• _Assignment_
For the word "Speed", count the lines in the records below that include it and give only that number.

Extracted records:
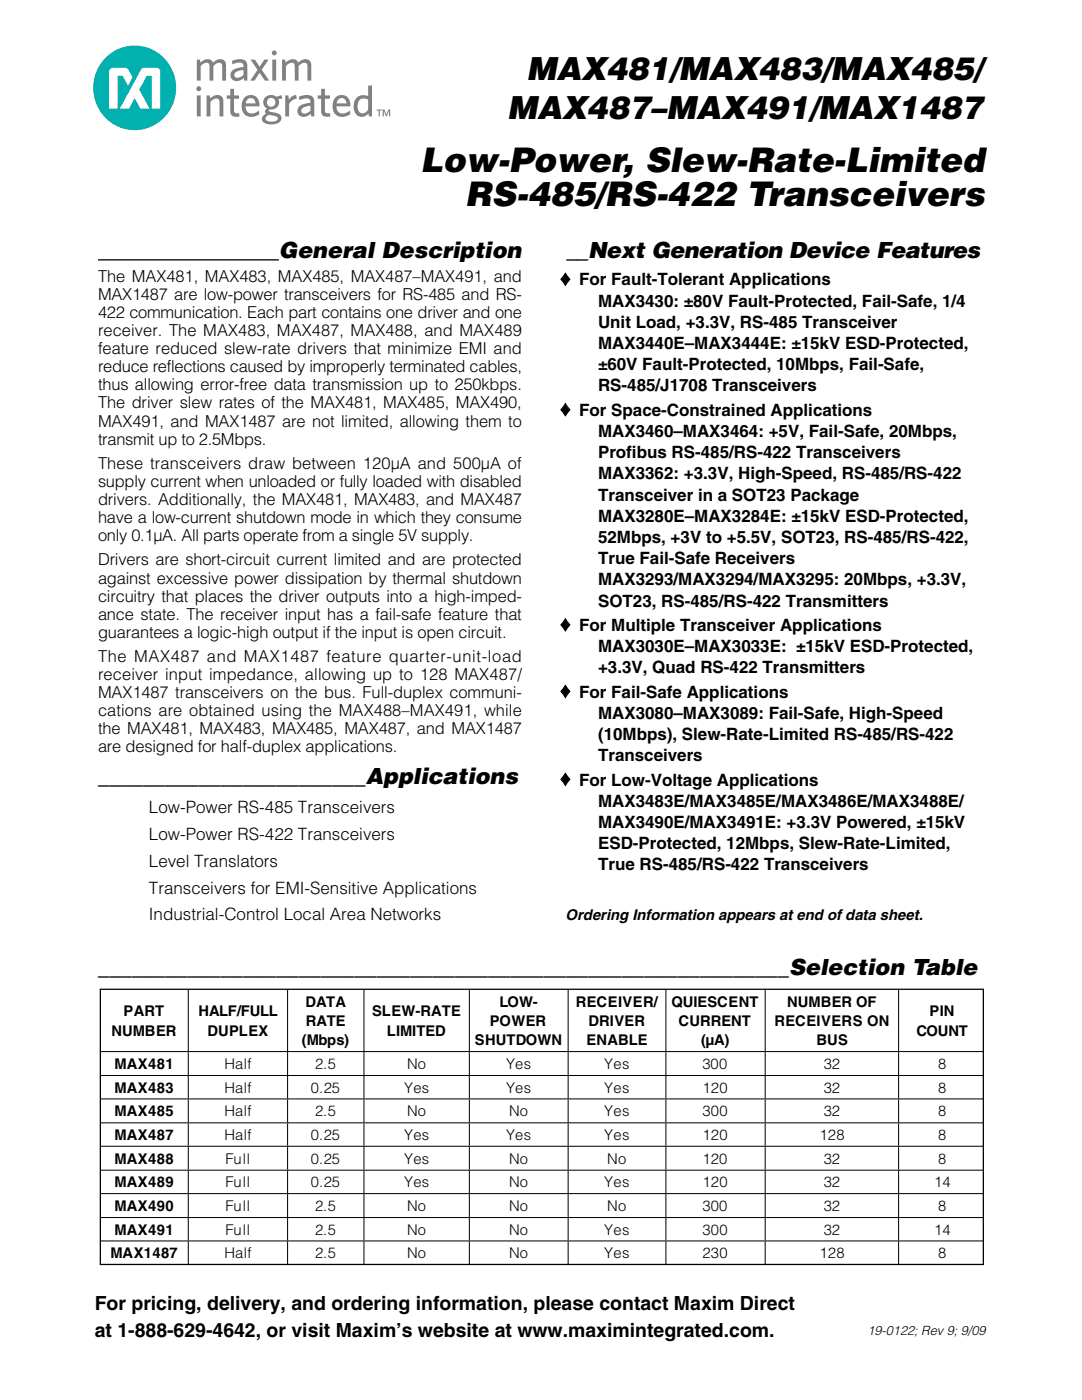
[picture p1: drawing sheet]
<svg xmlns="http://www.w3.org/2000/svg" width="216mm" height="279mm" viewBox="0 0 216 279" stroke-linecap="round" stroke-linejoin="round" font-family="sans-serif">
<defs><g id="words">
<g font-size="6.9">
<text x="83.8" y="34.3">Low-Power, Slew-Rate-Limited</text>
<text x="92.8" y="41">RS-485/RS-422 Transceivers</text>
</g>
<g font-size="6.3">
<text x="105" y="15.9">MAX481/MAX483/MAX485/</text>
<text x="101.2" y="23.7">MAX487–MAX491/MAX1487</text>
</g>
<g font-size="4.5">
<text x="55.6" y="51.5">General Description</text>
<text x="113.1" y="51.5">__Next Generation Device Features</text>
<text x="19.7" y="156.5">________________________Applications</text>
<text x="52.3" y="170.1">Functional Diagrams</text>
<text x="19.7" y="194.6">______________________________________________________________Selection Table</text>
</g>
<g font-size="3.9">
<text x="18.9" y="261.3">For pricing, delivery, and ordering information, please contact Maxim Direct</text>
<text x="18.9" y="266.7">at 1-888-629-4642, or visit Maxim’s website at www.maximintegrated.com.</text>
</g>
<g font-size="3.4">
<text x="111.8" y="56.9">♦ For Fault-Tolerant Applications</text>
<text x="119.3" y="61.2">MAX3430: ±80V Fault-Protected, Fail-Safe, 1/4</text>
<text x="119.3" y="65.4">Unit Load, +3.3V, RS-485 Transceiver</text>
<text x="119.3" y="69.7">MAX3440E–MAX3444E: ±15kV ESD-Protected,</text>
<text x="119.3" y="73.9">±60V Fault-Protected, 10Mbps, Fail-Safe,</text>
<text x="111.8" y="82.9">♦ For Space-Constrained Applications</text>
<text x="119.3" y="78.1">RS-485/J1708 Transceivers</text>
<text x="119.3" y="87.2">MAX3460–MAX3464: +5V, Fail-Safe, 20Mbps,</text>
<text x="119.3" y="91.4">Profibus RS-485/RS-422 Transceivers</text>
<text x="119.3" y="95.7">MAX3362: +3.3V, High-Speed, RS-485/RS-422</text>
<text x="119.3" y="99.9">Transceiver in a SOT23 Package</text>
<text x="119.3" y="104.1">MAX3280E–MAX3284E: ±15kV ESD-Protected,</text>
<text x="119.3" y="108.4">52Mbps, +3V to +5.5V, SOT23, RS-485/RS-422,</text>
<text x="119.3" y="112.6">True Fail-Safe Receivers</text>
<text x="119.3" y="116.8">MAX3293/MAX3294/MAX3295: 20Mbps, +3.3V,</text>
<text x="111.8" y="125.9">♦ For Multiple Transceiver Applications</text>
<text x="119.3" y="121.1">SOT23, RS-485/RS-422 Transmitters</text>
<text x="119.3" y="130.2">MAX3030E–MAX3033E: ±15kV ESD-Protected,</text>
<text x="119.3" y="134.4">+3.3V, Quad RS-422 Transmitters</text>
<text x="111.8" y="139.2">♦ For Fail-Safe Applications</text>
<text x="119.3" y="143.5">MAX3080–MAX3089: Fail-Safe, High-Speed</text>
<text x="119.3" y="147.7">(10Mbps), Slew-Rate-Limited RS-485/RS-422</text>
<text x="119.3" y="151.9">Transceivers</text>
<text x="111.8" y="156.7">♦ For Low-Voltage Applications</text>
<text x="119.3" y="161">MAX3483E/MAX3485E/MAX3486E/MAX3488E/</text>
<text x="29.7" y="162.3">Low-Power RS-485 Transceivers</text>
<text x="29.7" y="167.7">Low-Power RS-422 Transceivers</text>
<text x="119.3" y="165.2">MAX3490E/MAX3491E: +3.3V Powered, ±15kV</text>
<text x="29.7" y="173">Level Translators</text>
<text x="119.3" y="169.5">ESD-Protected, 12Mbps, Slew-Rate-Limited,</text>
<text x="119.3" y="173.7">True RS-485/RS-422 Transceivers</text>
<text x="29.7" y="178.4">Transceivers for EMI-Sensitive Applications</text>
<text x="29.7" y="183.7">Industrial-Control Local Area Networks</text>
</g>
<g font-size="3.3">
<text x="19.6" y="56.3">The MAX481, MAX483, MAX485, MAX487–MAX491, and</text>
<text x="19.6" y="59.9">MAX1487 are low-power transceivers for RS-485 and RS-</text>
<text x="19.6" y="63.5">422 communication. Each part contains one driver and one</text>
<text x="19.6" y="67.1">receiver. The MAX483, MAX487, MAX488, and MAX489</text>
<text x="19.6" y="70.7">feature reduced slew-rate drivers that minimize EMI and</text>
<text x="19.6" y="74.3">reduce reflections caused by improperly terminated cables,</text>
<text x="19.6" y="77.9">thus allowing error-free data transmission up to 250kbps.</text>
<text x="19.6" y="81.5">The driver slew rates of the MAX481, MAX485, MAX490,</text>
<text x="19.6" y="85.1">MAX491, and MAX1487 are not limited, allowing them to</text>
<text x="19.6" y="88.7">transmit up to 2.5Mbps.</text>
<text x="19.6" y="93.6">These transceivers draw between 120µA and 500µA of</text>
<text x="19.6" y="97.2">supply current when unloaded or fully loaded with disabled</text>
<text x="19.6" y="100.8">drivers. Additionally, the MAX481, MAX483, and MAX487</text>
<text x="19.6" y="104.4">have a low-current shutdown mode in which they consume</text>
<text x="19.6" y="108">only 0.1µA. All parts operate from a single 5V supply.</text>
<text x="19.6" y="112.9">Drivers are short-circuit current limited and are protected</text>
<text x="19.6" y="116.5">against excessive power dissipation by thermal shutdown</text>
<text x="19.6" y="120.1">circuitry that places the driver outputs into a high-imped-</text>
<text x="19.6" y="123.7">ance state. The receiver input has a fail-safe feature that</text>
<text x="19.6" y="127.3">guarantees a logic-high output if the input is open circuit.</text>
<text x="19.6" y="132.1">The MAX487 and MAX1487 feature quarter-unit-load</text>
<text x="19.6" y="135.7">receiver input impedance, allowing up to 128 MAX487/</text>
<text x="19.6" y="139.3">MAX1487 transceivers on the bus. Full-duplex communi-</text>
<text x="19.6" y="142.9">cations are obtained using the MAX488–MAX491, while</text>
<text x="19.6" y="146.5">the MAX481, MAX483, MAX485, MAX487, and MAX1487</text>
<text x="19.6" y="150.1">are designed for half-duplex applications.</text>
</g>
<g font-size="3">
<text x="112.9" y="183.7">Ordering Information appears at end of data sheet.</text>
<text x="18.7" y="242.4">Pin Configurations appear at end of data sheet.</text>
<text x="18.7" y="246.3">Functional Diagrams continued at end of data sheet.</text>
<text x="18.7" y="250.5">UCSP is a trademark of Maxim Integrated Products, Inc.</text>
</g>
<g font-size="2.9">
<text x="24.7" y="202.9">PART</text>
<text x="39.6" y="202.9">HALF/FULL</text>
<text x="60.9" y="200.9">DATA</text>
<text x="74.2" y="202.9">SLEW-RATE</text>
<text x="99.6" y="200.9">LOW-</text>
<text x="114.9" y="200.9">RECEIVER/</text>
<text x="134" y="200.9">QUIESCENT</text>
<text x="157.1" y="200.9">NUMBER OF</text>
<text x="185.5" y="202.8">PIN</text>
<text x="22.2" y="206.7">NUMBER</text>
<text x="41.4" y="206.7">DUPLEX</text>
<text x="60.2" y="208.5">(Mbps)</text>
<text x="61" y="204.8">RATE</text>
<text x="77.2" y="206.7">LIMITED</text>
<text x="94.8" y="208.5">SHUTDOWN</text>
<text x="97.7" y="204.8">POWER</text>
<text x="117" y="208.5">ENABLE</text>
<text x="117.4" y="204.8">DRIVER</text>
<text x="135.4" y="204.8">CURRENT</text>
<text x="139.9" y="208.5">(μA)</text>
<text x="154.5" y="204.8">RECEIVERS ON</text>
<text x="162.9" y="208.5">BUS</text>
<text x="182.9" y="206.7">COUNT</text>
<text x="22.8" y="213.3">MAX481</text>
<text x="44.8" y="213.3">Half</text>
<text x="62.9" y="213.3">2.5</text>
<text x="81.3" y="213.3">No</text>
<text x="101" y="213.3">Yes</text>
<text x="120.6" y="213.3">Yes</text>
<text x="140.2" y="213.3">300</text>
<text x="164.4" y="213.3">32</text>
<text x="187.2" y="213.3">8</text>
<text x="22.8" y="218.1">MAX483</text>
<text x="44.8" y="218.1">Half</text>
<text x="62.1" y="218.1">0.25</text>
<text x="80.6" y="218.1">Yes</text>
<text x="101" y="218.1">Yes</text>
<text x="120.6" y="218.1">Yes</text>
<text x="140.2" y="218.1">120</text>
<text x="164.4" y="218.1">32</text>
<text x="187.2" y="218.1">8</text>
<text x="22.8" y="222.8">MAX485</text>
<text x="22.8" y="227.5">MAX487</text>
<text x="44.8" y="222.8">Half</text>
<text x="44.8" y="227.5">Half</text>
<text x="62.1" y="227.5">0.25</text>
<text x="62.9" y="222.8">2.5</text>
<text x="80.6" y="227.5">Yes</text>
<text x="81.3" y="222.8">No</text>
<text x="101" y="227.5">Yes</text>
<text x="101.6" y="222.8">No</text>
<text x="120.6" y="222.8">Yes</text>
<text x="120.6" y="227.5">Yes</text>
<text x="140.2" y="222.8">300</text>
<text x="140.2" y="227.5">120</text>
<text x="163.6" y="227.5">128</text>
<text x="164.4" y="222.8">32</text>
<text x="187.2" y="222.8">8</text>
<text x="187.2" y="227.5">8</text>
<text x="22.8" y="232.2">MAX488</text>
<text x="45" y="232.2">Full</text>
<text x="62.1" y="232.2">0.25</text>
<text x="80.6" y="232.2">Yes</text>
<text x="101.6" y="232.2">No</text>
<text x="121.2" y="232.2">No</text>
<text x="140.2" y="232.2">120</text>
<text x="164.4" y="232.2">32</text>
<text x="187.2" y="232.2">8</text>
<text x="22.8" y="237">MAX489</text>
<text x="45" y="237">Full</text>
<text x="62.1" y="237">0.25</text>
<text x="80.6" y="237">Yes</text>
<text x="101.6" y="237">No</text>
<text x="120.6" y="237">Yes</text>
<text x="140.2" y="237">120</text>
<text x="164.4" y="237">32</text>
<text x="186.4" y="237">14</text>
<text x="22.8" y="241.7">MAX490</text>
<text x="45" y="241.7">Full</text>
<text x="62.9" y="241.7">2.5</text>
<text x="81.3" y="241.7">No</text>
<text x="101.6" y="241.7">No</text>
<text x="121.2" y="241.7">No</text>
<text x="140.2" y="241.7">300</text>
<text x="164.4" y="241.7">32</text>
<text x="187.2" y="241.7">8</text>
<text x="22" y="251.1">MAX1487</text>
<text x="22.8" y="246.4">MAX491</text>
<text x="44.8" y="251.1">Half</text>
<text x="45" y="246.4">Full</text>
<text x="62.9" y="246.4">2.5</text>
<text x="62.9" y="251.1">2.5</text>
<text x="81.3" y="246.4">No</text>
<text x="81.3" y="251.1">No</text>
<text x="101.6" y="246.4">No</text>
<text x="101.6" y="251.1">No</text>
<text x="120.6" y="251.1">Yes</text>
<text x="120.6" y="246.4">Yes</text>
<text x="140.2" y="251.1">230</text>
<text x="140.2" y="246.4">300</text>
<text x="163.6" y="251.1">128</text>
<text x="164.4" y="246.4">32</text>
<text x="186.4" y="246.4">14</text>
<text x="187.2" y="251.1">8</text>
</g>
<text font-size="2.8" fill="#fff" x="35.5" y="25.7" transform="rotate(-7 35.5 25.7)">AVAILABLE</text>
<text font-size="2.6" x="173.1" y="266.5">19-0122; Rev 9; 9/09</text>
</g></defs>
<!-- layer: Layer 1 -->
<path d="M66.6 14.8l-48.2 6.5M66.6 16.6l-48.2 6.5" fill="none" stroke="#fff" stroke-width=".35"/>
<path d="M21 11.6a8.4 8.4 0 0 1 12.2 .5 8.4 8.4 0 0 1-1.3 12.1 8.4 8.4 0 0 1-11.3-1.2 8.4 8.4 0 0 1 .4-11.4z" fill="#00b1b0"/>
<path d="M22 13.8l-.3 .6v7.3h1.8v-6.6h1l1 2 1-1.7-.9-1.5-.4-.3-2.6-.1zM28.3 13.7l-4.4 8h1.9l1.1-2.1 1.1 2.1h1.8l-2-3.8 1.5-2.8h1v6.6h1.7v-7.3a.86 .86 0 0 0-.8-.9h-2.4z" fill="#fff"/>
<g fill="#7e8083">
<path d="M41.2 19h.6l.1 .7a1.48 1.48 0 0 1 2.6 .1l.1 3.4h-.8v-2.8a.71 .71 0 0 0-.4-.7 .71 .71 0 0 0-.8 .1l-.6 .5v2.9h-.8z"/>
<path d="M45.9 17.7h.8v1.3h1v.7h-1v2.4a.66 .66 0 0 0 1 .5l.1 .7a1.31 1.31 0 0 1-1.9-1.1v-2.5h-.6v-.7h.6z"/>
<path d="M64.1 17.7h.7v1.3h1v.7h-1v2.4a.66 .66 0 0 0 1 .5l.1 .7a1.31 1.31 0 0 1-1.8-1.1v-2.5h-.7v-.7h.7z"/>
<path d="M56.9 19h.6l.2 .9 .2-.3a1.71 1.71 0 0 1 1.2-.6l.1 .7a1.86 1.86 0 0 0-1.5 1.1v2.4h-.8z"/>
<path d="M39.3 11.9h.6l.1 .6a1.47 1.47 0 0 1 2.5 0 1.46 1.46 0 0 1 2.6 .1v3.5h-.8v-2.9a.68 .68 0 0 0-.4-.7 .68 .68 0 0 0-.8 .2l-.5 .5v2.9h-.8v-2.9a.68 .68 0 0 0-.4-.7 .68 .68 0 0 0-.8 .2l-.6 .5v2.9h-.7z"/>
<path d="M56.3 11.9h.6l.1 .6a1.47 1.47 0 0 1 2.5 0 1.46 1.46 0 0 1 2.6 .1v3.5h-.8v-2.9a.68 .68 0 0 0-.4-.7 .68 .68 0 0 0-.7 .2l-.6 .5v2.9h-.8v-2.9a.68 .68 0 0 0-.4-.7 .68 .68 0 0 0-.8 .2l-.5 .5v2.9h-.8z"/>
<path d="M50 11.9h.9l.9 1.4 .9-1.4h.9l-1.4 2 1.5 2.2h-.9l-1-1.6-1 1.6h-.9l1.5-2.2z"/>
<path d="M39.3 19h.7v4.2h-.7zM39.2 17.7a.5 .5 0 0 1 1 0 .5 .5 0 0 1-1 0z"/>
<path d="M49.4 19.8l-.4 .8h2a.96 .96 0 0 0-.5-.9 .96 .96 0 0 0-1.1 .1zM48.7 19.5a1.79 1.79 0 0 1 2.2-.3 1.79 1.79 0 0 1 .9 2h-2.8a1.36 1.36 0 0 0 .8 1.4 1.36 1.36 0 0 0 1.5-.3l.4-.2 .1 .7a2.13 2.13 0 0 1-2.7 .2 2.13 2.13 0 0 1-.8-2.5z"/>
<path d="M53.2 20.4a.9 .9 0 0 0 1.8 0 .9 .9 0 0 0-1.8 0zM53.1 23.3l-.1 .4a1.58 1.58 0 0 0 2.4 .2v-.3a1.37 1.37 0 0 0-1.4-.6l-.3-.1zM52.8 19.5a1.74 1.74 0 0 1 2.4-.2l1-.3 .1 .7-.8 .1a1.47 1.47 0 0 1-.2 1.6 1.47 1.47 0 0 1-1.5 .4l-.2 .4 1.2 .3a1.18 1.18 0 0 1 1.3 1.4 2.58 2.58 0 0 1-3.8 .3 1.09 1.09 0 0 1 .8-1.5l-.1-.2a.55 .55 0 0 1 .3-.8 1.41 1.41 0 0 1-.5-2.2z"/>
<path d="M60.3 21.6a.63 .63 0 0 0-.1 .9 .63 .63 0 0 0 .9 .1l.8-.5v-1l-.7 .1zM59.6 19.3l.8-.2a1.72 1.72 0 0 1 2.3 .7v3.4h-.6l-.1-.5a1.53 1.53 0 0 1-2.6-.1 1.37 1.37 0 0 1 1.1-1.8l1.4-.3a.79 .79 0 0 0-.3-.8 .79 .79 0 0 0-.8 0l-1.1 .3z"/>
<path d="M67.5 19.8l-.3 .8h1.9a.96 .96 0 0 0-.5-.9 .96 .96 0 0 0-1.1 .1zM66.9 19.5a1.79 1.79 0 0 1 2.2-.3 1.79 1.79 0 0 1 .8 2h-2.8a1.36 1.36 0 0 0 .8 1.4 1.36 1.36 0 0 0 1.6-.3l.3-.2 .1 .7a2.13 2.13 0 0 1-2.6 .2 2.13 2.13 0 0 1-.9-2.5z"/>
<path d="M71.8 19.9a1.92 1.92 0 0 0 .2 2.7 1.26 1.26 0 0 0 1.5-.7v-2l-1-.2zM73.5 17.1h.7v6.1h-.6l-.1-.6a1.66 1.66 0 0 1-2 .6 1.66 1.66 0 0 1-.9-1.9 2.01 2.01 0 0 1 2.9-2.1z"/>
<path d="M47 14.5a.63 .63 0 0 0-.1 .8 .63 .63 0 0 0 .8 .2l.9-.6v-.9l-.8 .1zM46.3 12.2l.7-.3a1.72 1.72 0 0 1 2.3 .8l.1 3.4h-.7l-.1-.6a1.53 1.53 0 0 1-2.5-.1 1.37 1.37 0 0 1 1.1-1.8l1.4-.2a.79 .79 0 0 0-.3-.8 .79 .79 0 0 0-.9-.1l-1 .3z"/>
<path d="M54.3 11.9h.8v4.2h-.8zM54.2 10.6a.5 .5 0 0 1 1 0 .5 .5 0 0 1-1 0z"/>
<path d="M76.4 21.9v1.3h.2v-1.1l.4 1.1h.2l.4-1.1v1.1h.3v-1.3h-.4l-.4 1-.4-1zM75.1 21.9v.2h.5v1.1h.2v-1.1h.4v-.2z"/>
</g>
<g fill="#fff">
<path d="M188.2 256.2h19.1v6.4h-19.1z"/>
<path d="M195.5 45.3h11.6v83.1h-11.6z"/>
</g>
<path d="M19.6 51.9h36" fill="none" stroke="#000" stroke-width=".26"/>
<g fill="none" stroke="#000" stroke-width=".2">
<path d="M37.6 197.4v12.4M57.4 197.4v12.4M72.6 197.6v12.2M93.7 197.6v12.2M113.4 197.6v12.2M132.9 197.6v12.2M152.7 197.6v12.2M179.3 197.4v12.4M20 209.9h176.3M20 214.6h176.3M20 219.3h176.3M37.6 210v4.5"/>
<path d="M37.6 214.7v4.5M37.6 219.4v4.6M57.4 210v4.5M57.4 214.7v4.5M57.4 219.4v4.6M72.6 210v4.5M72.6 214.7v4.5M72.6 219.4v4.6M93.7 210v4.5M93.7 214.7v4.5M93.7 219.4v4.6M113.4 210v4.5"/>
<path d="M113.4 214.7v4.5M113.4 219.4v4.6M132.9 210v4.5M132.9 214.7v4.5M132.9 219.4v4.6M152.7 210v4.5M152.7 214.7v4.5M152.7 219.4v4.6M179.3 210v4.5M179.3 214.7v4.5M179.3 219.4v4.6M20 224.1h176.3"/>
<path d="M20 228.8h176.3M20 233.5h176.3M20 238.2h176.3M37.6 224.2v4.5M37.6 228.9v4.5M37.6 233.6v4.5M37.6 238.3v4.6M57.4 224.2v4.5M57.4 228.9v4.5M57.4 233.6v4.5M57.4 238.3v4.6M72.6 224.2v4.5"/>
<path d="M72.6 228.9v4.5M72.6 233.6v4.5M72.6 238.3v4.6M93.7 224.2v4.5M93.7 228.9v4.5M93.7 233.6v4.5M93.7 238.3v4.6M113.4 224.2v4.5M113.4 228.9v4.5M113.4 233.6v4.5M113.4 238.3v4.6M132.9 224.2v4.5"/>
<path d="M132.9 228.9v4.5M132.9 233.6v4.5M132.9 238.3v4.6M152.7 224.2v4.5M152.7 228.9v4.5M152.7 233.6v4.5M152.7 238.3v4.6M179.3 224.2v4.5M179.3 228.9v4.5M179.3 233.6v4.5M179.3 238.3v4.6M20 243h176.3"/>
<path d="M20 247.7h176.3M37.6 243.1v4.5M37.6 247.8v4.6M57.4 243.1v4.5M57.4 247.8v4.6M72.6 243.1v4.5M72.6 247.8v4.6M93.7 243.1v4.5M93.7 247.8v4.6M113.4 243.1v4.5M113.4 247.8v4.6M132.9 243.1v4.5"/>
<path d="M132.9 247.8v4.6M152.7 243.1v4.5M152.7 247.8v4.6M179.3 243.1v4.5M179.3 247.8v4.6"/>
</g>
<path d="M20 197.4h176.2v54.9h-176.2z" fill="none" stroke="#000" stroke-width=".25"/>
<g fill="#fff">
<path d="M200 46.5h9.2v204.9h-9.2z"/>
<path d="M4.6 45.9h11v203.3h-11z"/>
</g>
<use href="#words"/>
</svg>

• _Output of the task_
2